Tamiang Layang – Semangat kemandirian dan gotong royong kembali tumbuh di Desa Siong, Kecamatan Paju Epat, Kabupaten Barito Timur. Kelompok tani Rungkai Janang memulai penanaman padi gogo varietas Lungkung di lahan seluas lima hektar sebagai upaya memperkuat ketahanan pangan berbasis potensi lokal.
Kegiatan ini didampingi oleh penyuluh pertanian bersama jajaran kelompok tani setempat. Wilayah Paju Epat dikenal memiliki karakter lahan kering yang cocok untuk pengembangan padi gogo, menjadikannya salah satu sentra pertanian potensial di Barito Timur.
Varietas Lungkung dipilih karena memiliki ketahanan tinggi terhadap kondisi lahan tadah hujan dan mampu beradaptasi dengan baik di perbukitan. Selain tahan iklim kering, varietas ini juga menghasilkan beras pulen dengan umur panen relatif singkat.
“Penanaman padi gogo Lungkung ini merupakan langkah nyata dalam menjaga ketersediaan pangan di daerah. Kita ingin petani mampu memanfaatkan potensi lokal agar produksi tetap terjaga meski tanpa lahan irigasi,” ujar penyuluh pertanian pendamping di lokasi.
Program ini menjadi bentuk pemberdayaan petani agar semakin mandiri, kreatif, dan tangguh menghadapi tantangan iklim. Melalui pendekatan berbasis kearifan lokal, sektor pertanian diharapkan tumbuh berkelanjutan sekaligus memperkuat ekonomi masyarakat desa.
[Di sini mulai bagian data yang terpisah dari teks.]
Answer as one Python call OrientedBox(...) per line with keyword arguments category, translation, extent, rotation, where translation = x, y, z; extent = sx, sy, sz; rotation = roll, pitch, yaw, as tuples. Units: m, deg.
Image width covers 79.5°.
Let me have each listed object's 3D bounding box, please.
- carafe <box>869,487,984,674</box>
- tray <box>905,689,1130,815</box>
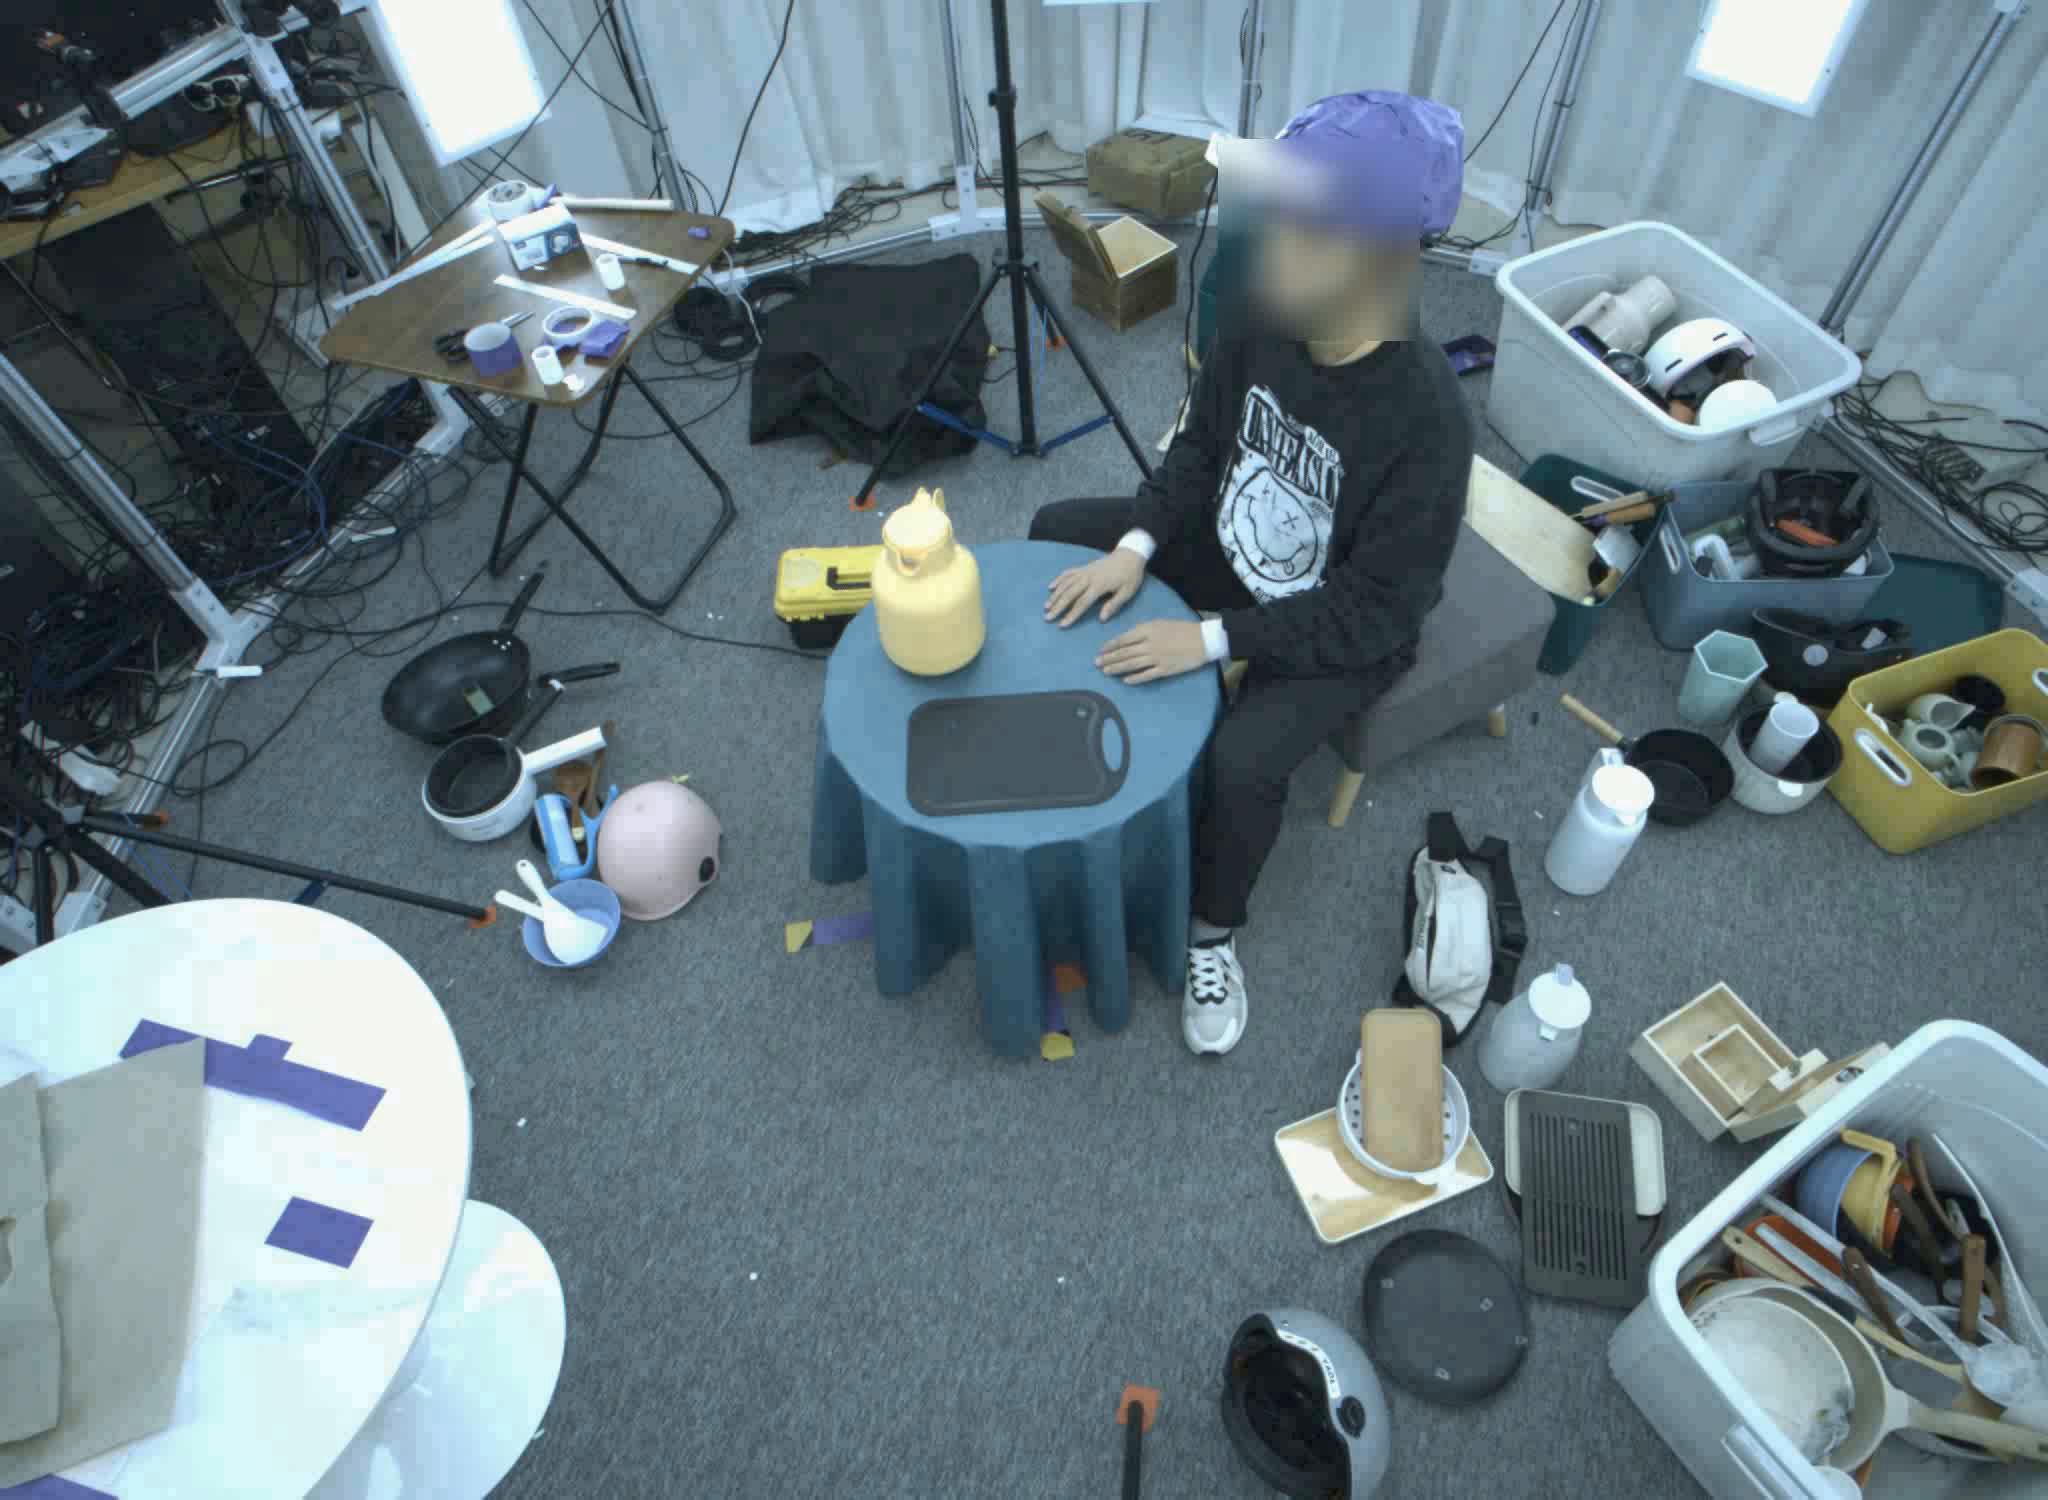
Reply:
OrientedBox(category="carafe", translation=(-0.143, -0.258, 1.810), extent=(0.163, 0.263, 0.201), rotation=(7, 56, 6))
OrientedBox(category="tray", translation=(-0.010, -0.002, 1.781), extent=(0.326, 0.010, 0.208), rotation=(-3, 55, -1))

Langkah kelompok tani Desa Siong ini juga sejalan dengan kebijakan Pemerintah Kabupaten Barito Timur yang menempatkan sektor pertanian sebagai tulang punggung pembangunan daerah.
Dengan semangat kebersamaan dan kerja keras petani, penanaman padi gogo varietas Lungkung di Desa Siong menjadi bukti bahwa ketahanan pangan bisa dimulai dari desa—dari tangan petani yang setia menanam harapan di tanahnya sendiri.